His life is no more meaningful than that of the next person, the resonance of his name is faint enough to prove inconsequential. He’s everyone, and he’s no one. This is why his story holds so much appeal, and why the reader ends up ensnared.
To discover the end of his journey is to have glimpsed the potential outcome of one’s own actions in similar circumstances. The fact that this process of self-discovery is compressed between layers of witty, delightful prose is an added reward; one that speaks to Lee’s innate talent.
The story is told retrospectively, fostering a foreboding sense of things to come. And in this deeply immersive world, where language serves as a metaphysical portal, emotion prevails over action. That is to say, on the face of it, not much happens following the story’s pivotal — albeit quiet — tragedy. Guy’s memory of it evolves into a black hole, into which his senses are tossed. Always with a certain levity, however.
Instead of sensationalist events, we’re mesmerized by the point of hysteria that can be reached — and sustained — during a moment of stillness. Lee captures the static din of distress exceptionally well. So well, in fact, that it feels like a pinprick drawn along the edge of consciousness.

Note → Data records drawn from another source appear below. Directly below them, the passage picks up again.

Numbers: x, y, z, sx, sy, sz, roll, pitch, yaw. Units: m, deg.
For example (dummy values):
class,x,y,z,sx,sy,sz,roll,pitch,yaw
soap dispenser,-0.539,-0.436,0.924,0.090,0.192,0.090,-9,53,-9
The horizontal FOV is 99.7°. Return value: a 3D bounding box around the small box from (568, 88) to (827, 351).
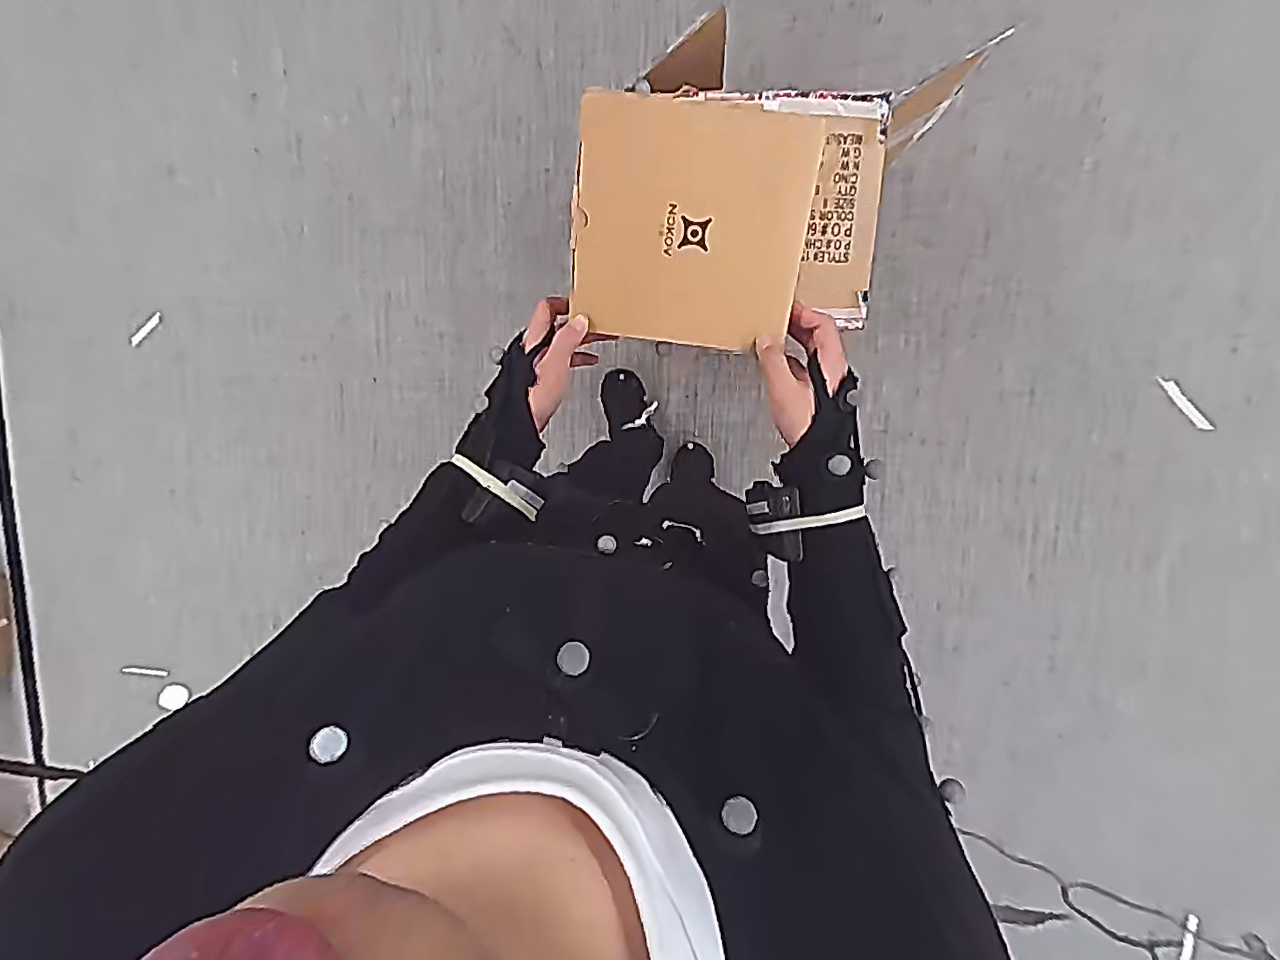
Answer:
class,x,y,z,sx,sy,sz,roll,pitch,yaw
small box,0.042,-0.219,0.481,0.179,0.176,0.168,8,112,2

As such, it mirrors Guy’s physical entrapment in the open spaces of the Arctic. This produces a sense of disorientation, leaving the sky at our feet and the sun dragged from spot to spot by ocean currents. Again, time is wrung and dissected. The body is made into a clock, turning the environment into a commodity that proves scornful of reason. And so, Guy’s sleeplessness creates an “undiluted intensity” that expresses elements of the subconscious.
Compass’ world is an unruly one, fixed in a place of constant reactivation. The protagonist, overwhelmed by how impotent he is in the face of it, morphs into a modern-day Robinson Crusoe. But where myth and truth merge, a mystery is born; one that leaves him estranged from the human world pulling him back.
Overall, Lee’s novel is a debut of startling prowess. Fiercely-written prose pinches the folds of the narrative to form a tale of survival; one that drifts along with the current of its underlying mysticism. Above all, the ambiguity of both deed and thought is allowed to outlive the last page, paying heed to the ferocity of the unknown.